Stored entries
◇ ◇ ◇
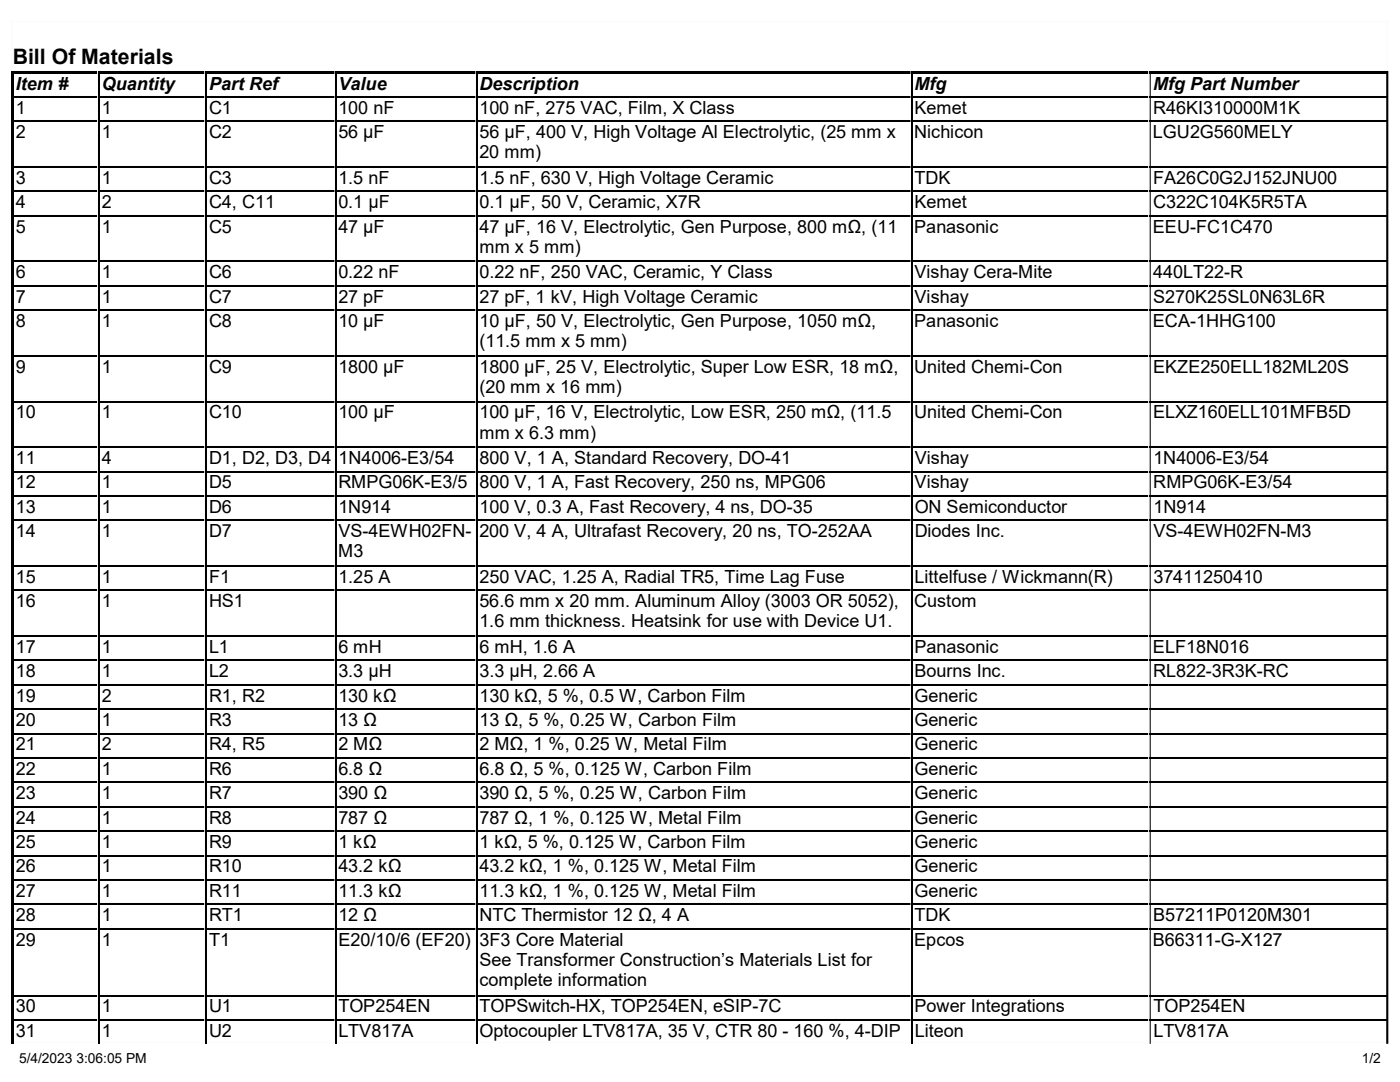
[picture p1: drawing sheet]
<svg xmlns="http://www.w3.org/2000/svg" width="279mm" height="216mm" viewBox="0 0 279 216" stroke-linecap="round" stroke-linejoin="round" font-family="sans-serif">
<defs><g id="words">
<text font-size="4.2" x="2.5" y="12.8">Bill Of Materials</text>
<g font-size="3.6">
<text x="3.2" y="17.9">Item #</text>
<text x="20.3" y="17.9">Quantity</text>
<text x="41.7" y="17.9">Part Ref</text>
<text x="67.6" y="17.9">Value</text>
<text x="95.7" y="17.9">Description</text>
<text x="182.5" y="17.9">Mfg</text>
<text x="230.2" y="17.9">Mfg Part Number</text>
<text x="3.2" y="22.7">1</text>
<text x="20.3" y="22.7">1</text>
<text x="41.7" y="22.7">C1</text>
<text x="67.5" y="22.7">100 nF</text>
<text x="95.7" y="22.7">100 nF, 275 VAC, Film, X Class</text>
<text x="182.5" y="22.7">Kemet</text>
<text x="230.1" y="22.7">R46KI310000M1K</text>
<text x="3.2" y="27.6">2</text>
<text x="20.3" y="27.6">1</text>
<text x="41.7" y="27.6">C2</text>
<text x="67.5" y="27.6">56 µF</text>
<text x="95.7" y="27.6">56 µF, 400 V, High Voltage Al Electrolytic, (25 mm x</text>
<text x="182.5" y="27.6">Nichicon</text>
<text x="230.1" y="27.6">LGU2G560MELY</text>
<text x="95.7" y="31.6">20 mm)</text>
<text x="3.2" y="36.7">3</text>
<text x="3.2" y="41.6">4</text>
<text x="20.3" y="36.7">1</text>
<text x="20.3" y="41.6">2</text>
<text x="41.7" y="36.7">C3</text>
<text x="41.7" y="41.6">C4, C11</text>
<text x="67.5" y="36.7">1.5 nF</text>
<text x="67.5" y="41.6">0.1 µF</text>
<text x="95.7" y="36.7">1.5 nF, 630 V, High Voltage Ceramic</text>
<text x="95.7" y="41.6">0.1 µF, 50 V, Ceramic, X7R</text>
<text x="182.5" y="41.6">Kemet</text>
<text x="182.5" y="36.7">TDK</text>
<text x="230.1" y="41.6">C322C104K5R5TA</text>
<text x="230.1" y="36.7">FA26C0G2J152JNU00</text>
<text x="3.2" y="46.4">5</text>
<text x="20.3" y="46.4">1</text>
<text x="41.7" y="46.4">C5</text>
<text x="67.5" y="46.4">47 µF</text>
<text x="95.7" y="46.4">47 µF, 16 V, Electrolytic, Gen Purpose, 800 mΩ, (11</text>
<text x="182.5" y="46.4">Panasonic</text>
<text x="230.1" y="46.4">EEU-FC1C470</text>
<text x="95.7" y="50.5">mm x 5 mm)</text>
<text x="3.2" y="55.5">6</text>
<text x="20.3" y="55.5">1</text>
<text x="41.7" y="55.5">C6</text>
<text x="67.5" y="55.5">0.22 nF</text>
<text x="95.7" y="55.5">0.22 nF, 250 VAC, Ceramic, Y Class</text>
<text x="182.5" y="55.5">Vishay Cera-Mite</text>
<text x="230.2" y="55.5">440LT22-R</text>
<text x="3.2" y="60.4">7</text>
<text x="3.2" y="65.3">8</text>
<text x="20.3" y="60.4">1</text>
<text x="20.3" y="65.3">1</text>
<text x="41.7" y="60.4">C7</text>
<text x="41.7" y="65.3">C8</text>
<text x="67.5" y="60.4">27 pF</text>
<text x="67.5" y="65.3">10 µF</text>
<text x="95.7" y="60.4">27 pF, 1 kV, High Voltage Ceramic</text>
<text x="95.7" y="65.3">10 µF, 50 V, Electrolytic, Gen Purpose, 1050 mΩ,</text>
<text x="182.5" y="65.3">Panasonic</text>
<text x="182.5" y="60.4">Vishay</text>
<text x="230.1" y="65.3">ECA-1HHG100</text>
<text x="230.2" y="60.4">S270K25SL0N63L6R</text>
<text x="95.7" y="69.3">(11.5 mm x 5 mm)</text>
<text x="3.2" y="74.4">9</text>
<text x="20.3" y="74.4">1</text>
<text x="41.7" y="74.4">C9</text>
<text x="67.5" y="74.4">1800 µF</text>
<text x="95.7" y="74.4">1800 µF, 25 V, Electrolytic, Super Low ESR, 18 mΩ,</text>
<text x="182.5" y="74.4">United Chemi-Con</text>
<text x="230.1" y="74.4">EKZE250ELL182ML20S</text>
<text x="3.2" y="83.5">10</text>
<text x="20.3" y="83.5">1</text>
<text x="41.7" y="83.5">C10</text>
<text x="67.5" y="83.5">100 µF</text>
<text x="95.7" y="78.4">(20 mm x 16 mm)</text>
<text x="95.7" y="83.5">100 µF, 16 V, Electrolytic, Low ESR, 250 mΩ, (11.5</text>
<text x="182.5" y="83.5">United Chemi-Con</text>
<text x="230.1" y="83.5">ELXZ160ELL101MFB5D</text>
<text x="95.7" y="87.5">mm x 6.3 mm)</text>
<text x="3.2" y="92.6">11</text>
<text x="20.3" y="92.6">4</text>
<text x="41.7" y="92.6">D1, D2, D3, D4 1N4006-E3/54</text>
<text x="95.7" y="92.6">800 V, 1 A, Standard Recovery, DO-41</text>
<text x="182.6" y="92.6">Vishay</text>
<text x="230.2" y="92.6">1N4006-E3/54</text>
<text x="3.2" y="97.5">12</text>
<text x="20.3" y="97.5">1</text>
<text x="41.7" y="97.5">D5</text>
<text x="67.5" y="97.5">RMPG06K-E3/5 800 V, 1 A, Fast Recovery, 250 ns, MPG06</text>
<text x="182.5" y="97.5">Vishay</text>
<text x="230.2" y="97.5">RMPG06K-E3/54</text>
<text x="3.2" y="102.3">13</text>
<text x="3.2" y="107.2">14</text>
<text x="20.3" y="102.3">1</text>
<text x="20.3" y="107.2">1</text>
<text x="41.7" y="102.3">D6</text>
<text x="41.7" y="107.2">D7</text>
<text x="67.5" y="102.3">1N914</text>
<text x="67.5" y="107.2">VS-4EWH02FN-</text>
<text x="95.7" y="107.2">200 V, 4 A, Ultrafast Recovery, 20 ns, TO-252AA</text>
<text x="95.7" y="102.3">100 V, 0.3 A, Fast Recovery, 4 ns, DO-35</text>
<text x="182.5" y="102.3">ON Semiconductor</text>
<text x="182.5" y="107.2">Diodes Inc.</text>
<text x="230.2" y="107.2">VS-4EWH02FN-M3</text>
<text x="230.2" y="102.3">1N914</text>
<text x="67.5" y="111.2">M3</text>
<text x="3.2" y="116.3">15</text>
<text x="20.3" y="116.3">1</text>
<text x="41.7" y="116.3">F1</text>
<text x="67.5" y="116.3">1.25 A</text>
<text x="95.7" y="116.3">250 VAC, 1.25 A, Radial TR5, Time Lag Fuse</text>
<text x="182.5" y="116.3">Littelfuse / Wickmann(R)</text>
<text x="230.2" y="116.3">37411250410</text>
<text x="3.2" y="121.2">16</text>
<text x="20.3" y="121.2">1</text>
<text x="41.7" y="121.2">HS1</text>
<text x="95.7" y="121.2">56.6 mm x 20 mm. Aluminum Alloy (3003 OR 5052),</text>
<text x="95.7" y="125.2">1.6 mm thickness. Heatsink for use with Device U1.</text>
<text x="182.5" y="121.2">Custom</text>
<text x="3.2" y="130.3">17</text>
<text x="20.3" y="130.3">1</text>
<text x="41.7" y="130.3">L1</text>
<text x="67.5" y="130.3">6 mH</text>
<text x="95.7" y="130.3">6 mH, 1.6 A</text>
<text x="182.5" y="130.3">Panasonic</text>
<text x="230.1" y="130.3">ELF18N016</text>
<text x="3.2" y="135.1">18</text>
<text x="20.3" y="135.1">1</text>
<text x="41.7" y="135.1">L2</text>
<text x="67.5" y="135.1">3.3 µH</text>
<text x="95.7" y="135.1">3.3 µH, 2.66 A</text>
<text x="182.5" y="135.1">Bourns Inc.</text>
<text x="230.1" y="135.1">RL822-3R3K-RC</text>
<text x="3.2" y="140">19</text>
<text x="20.3" y="140">2</text>
<text x="41.7" y="140">R1, R2</text>
<text x="67.5" y="140">130 kΩ</text>
<text x="95.7" y="140">130 kΩ, 5 %, 0.5 W, Carbon Film</text>
<text x="182.5" y="140">Generic</text>
<text x="3.2" y="144.9">20</text>
<text x="3.2" y="149.7">21</text>
<text x="20.3" y="144.9">1</text>
<text x="20.3" y="149.7">2</text>
<text x="41.7" y="144.9">R3</text>
<text x="41.7" y="149.7">R4, R5</text>
<text x="67.5" y="144.9">13 Ω</text>
<text x="67.5" y="149.7">2 MΩ</text>
<text x="95.7" y="144.9">13 Ω, 5 %, 0.25 W, Carbon Film</text>
<text x="95.7" y="149.7">2 MΩ, 1 %, 0.25 W, Metal Film</text>
<text x="182.5" y="149.7">Generic</text>
<text x="182.5" y="144.9">Generic</text>
<text x="3.2" y="154.6">22</text>
<text x="20.3" y="154.6">1</text>
<text x="41.7" y="154.6">R6</text>
<text x="67.5" y="154.6">6.8 Ω</text>
<text x="95.7" y="154.6">6.8 Ω, 5 %, 0.125 W, Carbon Film</text>
<text x="182.5" y="154.6">Generic</text>
<text x="3.2" y="159.5">23</text>
<text x="20.3" y="159.5">1</text>
<text x="41.7" y="159.5">R7</text>
<text x="67.5" y="159.5">390 Ω</text>
<text x="95.7" y="159.5">390 Ω, 5 %, 0.25 W, Carbon Film</text>
<text x="182.5" y="159.5">Generic</text>
<text x="3.2" y="164.3">24</text>
<text x="20.3" y="164.3">1</text>
<text x="41.7" y="164.3">R8</text>
<text x="67.5" y="164.3">787 Ω</text>
<text x="95.7" y="164.3">787 Ω, 1 %, 0.125 W, Metal Film</text>
<text x="182.5" y="164.3">Generic</text>
<text x="3.2" y="169.2">25</text>
<text x="20.3" y="169.2">1</text>
<text x="41.7" y="169.2">R9</text>
<text x="67.5" y="169.2">1 kΩ</text>
<text x="95.7" y="169.2">1 kΩ, 5 %, 0.125 W, Carbon Film</text>
<text x="182.5" y="169.2">Generic</text>
<text x="3.2" y="174.1">26</text>
<text x="3.2" y="178.9">27</text>
<text x="20.3" y="174.1">1</text>
<text x="20.3" y="178.9">1</text>
<text x="41.7" y="174.1">R10</text>
<text x="41.7" y="178.9">R11</text>
<text x="67.5" y="174.1">43.2 kΩ</text>
<text x="67.5" y="178.9">11.3 kΩ</text>
<text x="95.7" y="174.1">43.2 kΩ, 1 %, 0.125 W, Metal Film</text>
<text x="95.7" y="178.9">11.3 kΩ, 1 %, 0.125 W, Metal Film</text>
<text x="182.5" y="174.1">Generic</text>
<text x="182.5" y="178.9">Generic</text>
<text x="3.2" y="183.8">28</text>
<text x="20.3" y="183.8">1</text>
<text x="41.7" y="183.8">RT1</text>
<text x="67.5" y="183.8">12 Ω</text>
<text x="95.7" y="183.8">NTC Thermistor 12 Ω, 4 A</text>
<text x="182.5" y="183.8">TDK</text>
<text x="230.1" y="183.8">B57211P0120M301</text>
<text x="3.2" y="188.7">29</text>
<text x="20.3" y="188.7">1</text>
<text x="41.7" y="188.7">T1</text>
<text x="67.5" y="188.7">E20/10/6 (EF20) 3F3 Core Material</text>
<text x="182.5" y="188.7">Epcos</text>
<text x="230.1" y="188.7">B66311-G-X127</text>
<text x="95.7" y="192.7">See Transformer Construction’s Materials List for</text>
<text x="95.7" y="196.7">complete information</text>
<text x="3.2" y="202">30</text>
<text x="20.3" y="202">1</text>
<text x="41.7" y="202">U1</text>
<text x="67.5" y="202">TOP254EN</text>
<text x="95.7" y="202">TOPSwitch-HX, TOP254EN, eSIP-7C</text>
<text x="182.5" y="202">Power Integrations</text>
<text x="230.2" y="202">TOP254EN</text>
<text x="3.2" y="206.9">31</text>
<text x="20.3" y="206.9">1</text>
<text x="41.7" y="206.9">U2</text>
<text x="67.5" y="206.9">LTV817A</text>
<text x="95.7" y="206.9">Optocoupler LTV817A, 35 V, CTR 80 - 160 %, 4-DIP</text>
<text x="182.6" y="206.9">Liteon</text>
<text x="230.2" y="206.9">LTV817A</text>
</g>
<g font-size="2.8">
<text x="3.8" y="212">5/4/2023 3:06:05 PM</text>
<text x="271.8" y="212">1/2</text>
</g>
</g></defs>
<path d="M2.3 14h274.8M276.9 4.2v10M277.1 4.2h-274.8v10" fill="none" stroke="#fffbf0" stroke-width=".2"/>
<path d="M2.3 14.2h274.8v5.1h-274.8z" fill="#fff"/>
<path d="M2.3 14.4h274.8" fill="none" stroke="#000" stroke-width=".42"/>
<path d="M2.3 19h274.8" fill="none" stroke="#fffbf0" stroke-width=".2"/>
<path d="M2.3 19.3h274.8v4.8h-274.8z" fill="#fff"/>
<path d="M2.3 19.4h274.8" fill="none" stroke="#000" stroke-width=".21"/>
<path d="M2.3 23.9h274.8" fill="none" stroke="#fffbf0" stroke-width=".2"/>
<path d="M2.3 24.1h274.8v9.1h-274.8z" fill="#fff"/>
<path d="M2.3 24.2h274.8" fill="none" stroke="#000" stroke-width=".21"/>
<path d="M2.3 33h274.8" fill="none" stroke="#fffbf0" stroke-width=".2"/>
<path d="M2.3 33.2h274.8v4.9h-274.8z" fill="#fff"/>
<path d="M2.3 33.3h274.8" fill="none" stroke="#000" stroke-width=".21"/>
<path d="M2.3 37.9h274.8" fill="none" stroke="#fffbf0" stroke-width=".2"/>
<path d="M2.3 38.1h274.8v4.9h-274.8z" fill="#fff"/>
<path d="M2.3 38.2h274.8" fill="none" stroke="#000" stroke-width=".21"/>
<path d="M2.3 42.8h274.8" fill="none" stroke="#fffbf0" stroke-width=".2"/>
<path d="M2.3 43h274.8v9.1h-274.8z" fill="#fff"/>
<path d="M2.3 43.1h274.8" fill="none" stroke="#000" stroke-width=".21"/>
<path d="M2.3 51.9h274.8" fill="none" stroke="#fffbf0" stroke-width=".2"/>
<path d="M2.3 52.1h274.8v4.8h-274.8z" fill="#fff"/>
<path d="M2.3 52.2h274.8" fill="none" stroke="#000" stroke-width=".21"/>
<path d="M2.3 56.7h274.8" fill="none" stroke="#fffbf0" stroke-width=".2"/>
<path d="M2.3 56.9h274.8v4.9h-274.8z" fill="#fff"/>
<path d="M2.3 57h274.8" fill="none" stroke="#000" stroke-width=".21"/>
<path d="M2.3 61.6h274.8" fill="none" stroke="#fffbf0" stroke-width=".2"/>
<path d="M2.3 61.8h274.8v9.1h-274.8z" fill="#fff"/>
<path d="M2.3 61.9h274.8" fill="none" stroke="#000" stroke-width=".21"/>
<path d="M2.3 70.7h274.8" fill="none" stroke="#fffbf0" stroke-width=".2"/>
<path d="M2.3 70.9h274.8v9.1h-274.8z" fill="#fff"/>
<path d="M2.3 71h274.8" fill="none" stroke="#000" stroke-width=".21"/>
<path d="M2.3 79.8h274.8" fill="none" stroke="#fffbf0" stroke-width=".2"/>
<path d="M2.3 80h274.8v9.1h-274.8z" fill="#fff"/>
<path d="M2.3 80.1h274.8" fill="none" stroke="#000" stroke-width=".21"/>
<path d="M2.3 88.9h274.8" fill="none" stroke="#fffbf0" stroke-width=".2"/>
<path d="M2.3 89.1h274.8v4.9h-274.8z" fill="#fff"/>
<path d="M2.3 89.2h274.8" fill="none" stroke="#000" stroke-width=".21"/>
<path d="M2.3 93.8h274.8" fill="none" stroke="#fffbf0" stroke-width=".2"/>
<path d="M2.3 94h274.8v4.8h-274.8z" fill="#fff"/>
<path d="M2.3 94.1h274.8" fill="none" stroke="#000" stroke-width=".21"/>
<path d="M2.3 98.6h274.8" fill="none" stroke="#fffbf0" stroke-width=".2"/>
<path d="M2.3 98.8h274.8v4.9h-274.8z" fill="#fff"/>
<path d="M2.3 99h274.8" fill="none" stroke="#000" stroke-width=".21"/>
<path d="M2.3 103.5h274.8" fill="none" stroke="#fffbf0" stroke-width=".2"/>
<path d="M2.3 103.7h274.8v9.1h-274.8z" fill="#fff"/>
<path d="M2.3 103.8h274.8" fill="none" stroke="#000" stroke-width=".21"/>
<path d="M2.3 112.6h274.8" fill="none" stroke="#fffbf0" stroke-width=".2"/>
<path d="M2.3 112.8h274.8v4.9h-274.8z" fill="#fff"/>
<path d="M2.3 112.9h274.8" fill="none" stroke="#000" stroke-width=".21"/>
<path d="M2.3 117.5h274.8" fill="none" stroke="#fffbf0" stroke-width=".2"/>
<path d="M2.3 117.7h274.8v9.1h-274.8z" fill="#fff"/>
<path d="M2.3 117.8h274.8" fill="none" stroke="#000" stroke-width=".21"/>
<path d="M2.3 126.6h274.8" fill="none" stroke="#fffbf0" stroke-width=".2"/>
<path d="M2.3 126.8h274.8v4.9h-274.8z" fill="#fff"/>
<path d="M2.3 126.9h274.8" fill="none" stroke="#000" stroke-width=".21"/>
<path d="M2.3 131.4h274.8" fill="none" stroke="#fffbf0" stroke-width=".2"/>
<path d="M2.3 131.7h274.8v4.8h-274.8z" fill="#fff"/>
<path d="M2.3 131.8h274.8" fill="none" stroke="#000" stroke-width=".21"/>
<path d="M2.3 136.3h274.8" fill="none" stroke="#fffbf0" stroke-width=".2"/>
<path d="M2.3 136.5h274.8v4.9h-274.8z" fill="#fff"/>
<path d="M2.3 136.6h274.8" fill="none" stroke="#000" stroke-width=".21"/>
<path d="M2.3 141.2h274.8" fill="none" stroke="#fffbf0" stroke-width=".2"/>
<path d="M2.3 141.4h274.8v4.9h-274.8z" fill="#fff"/>
<path d="M2.3 141.5h274.8" fill="none" stroke="#000" stroke-width=".21"/>
<path d="M2.3 146h274.8" fill="none" stroke="#fffbf0" stroke-width=".2"/>
<path d="M2.3 146.3h274.8v4.8h-274.8z" fill="#fff"/>
<path d="M2.3 146.4h274.8" fill="none" stroke="#000" stroke-width=".21"/>
<path d="M2.3 150.9h274.8" fill="none" stroke="#fffbf0" stroke-width=".2"/>
<path d="M2.3 151.1h274.8v4.9h-274.8z" fill="#fff"/>
<path d="M2.3 151.2h274.8" fill="none" stroke="#000" stroke-width=".21"/>
<path d="M2.3 155.8h274.8" fill="none" stroke="#fffbf0" stroke-width=".2"/>
<path d="M2.3 156h274.8v4.9h-274.8z" fill="#fff"/>
<path d="M2.3 156.1h274.8" fill="none" stroke="#000" stroke-width=".21"/>
<path d="M2.3 160.7h274.8" fill="none" stroke="#fffbf0" stroke-width=".2"/>
<path d="M2.3 160.9h274.8v4.8h-274.8z" fill="#fff"/>
<path d="M2.3 161h274.8" fill="none" stroke="#000" stroke-width=".21"/>
<path d="M2.3 165.5h274.8" fill="none" stroke="#fffbf0" stroke-width=".2"/>
<path d="M2.3 165.7h274.8v4.9h-274.8z" fill="#fff"/>
<path d="M2.3 165.8h274.8" fill="none" stroke="#000" stroke-width=".21"/>
<path d="M2.3 170.4h274.8" fill="none" stroke="#fffbf0" stroke-width=".2"/>
<path d="M2.3 170.6h274.8v4.9h-274.8z" fill="#fff"/>
<path d="M2.3 170.7h274.8" fill="none" stroke="#000" stroke-width=".21"/>
<path d="M2.3 175.3h274.8" fill="none" stroke="#fffbf0" stroke-width=".2"/>
<path d="M2.3 175.5h274.8v4.8h-274.8z" fill="#fff"/>
<path d="M2.3 175.6h274.8" fill="none" stroke="#000" stroke-width=".21"/>
<path d="M2.3 180.1h274.8" fill="none" stroke="#fffbf0" stroke-width=".2"/>
<path d="M2.3 180.3h274.8v4.9h-274.8z" fill="#fff"/>
<path d="M2.3 180.4h274.8" fill="none" stroke="#000" stroke-width=".21"/>
<path d="M2.3 185h274.8" fill="none" stroke="#fffbf0" stroke-width=".2"/>
<path d="M2.3 185.2h274.8v13.3h-274.8z" fill="#fff"/>
<path d="M2.3 185.3h274.8" fill="none" stroke="#000" stroke-width=".21"/>
<path d="M2.3 198.3h274.8" fill="none" stroke="#fffbf0" stroke-width=".2"/>
<path d="M2.3 198.5h274.8v4.9h-274.8z" fill="#fff"/>
<path d="M2.3 198.6h274.8" fill="none" stroke="#000" stroke-width=".21"/>
<path d="M2.3 203.2h274.8" fill="none" stroke="#fffbf0" stroke-width=".2"/>
<path d="M2.3 203.4h274.8v4.9h-274.8z" fill="#fff"/>
<path d="M19.8 14.2v194.1M41.2 14.2v194.1M67 14.2v194.1M95.1 14.2v194.1M181.9 14.2v194.1M2.3 203.5h274.8" fill="none" stroke="#000" stroke-width=".21"/>
<path d="M2.3 4.2v10M19.5 14.2v194.1M40.9 14.2v194.1M66.7 14.2v194.1M94.8 14.2v194.1M181.6 14.2v194.1M229.2 14.2v194.1M2.3 208.1h274.8" fill="none" stroke="#fffbf0" stroke-width=".2"/>
<path d="M2.5 14.2v194.1" fill="none" stroke="#000" stroke-width=".42"/>
<path d="M229.4 14.2h.3v194.1h-.3zM276.6 14.2h.5v194.1h-.5z" fill-rule="evenodd" fill="#000"/>
<use href="#words"/>
</svg>
◇ ◇ ◇
**Task item**
Lines containing the string "Panasonic" are the ones to copy from the entries above.

**Completed task**
<text x="182.5" y="46.4">Panasonic</text>
<text x="182.5" y="65.3">Panasonic</text>
<text x="182.5" y="130.3">Panasonic</text>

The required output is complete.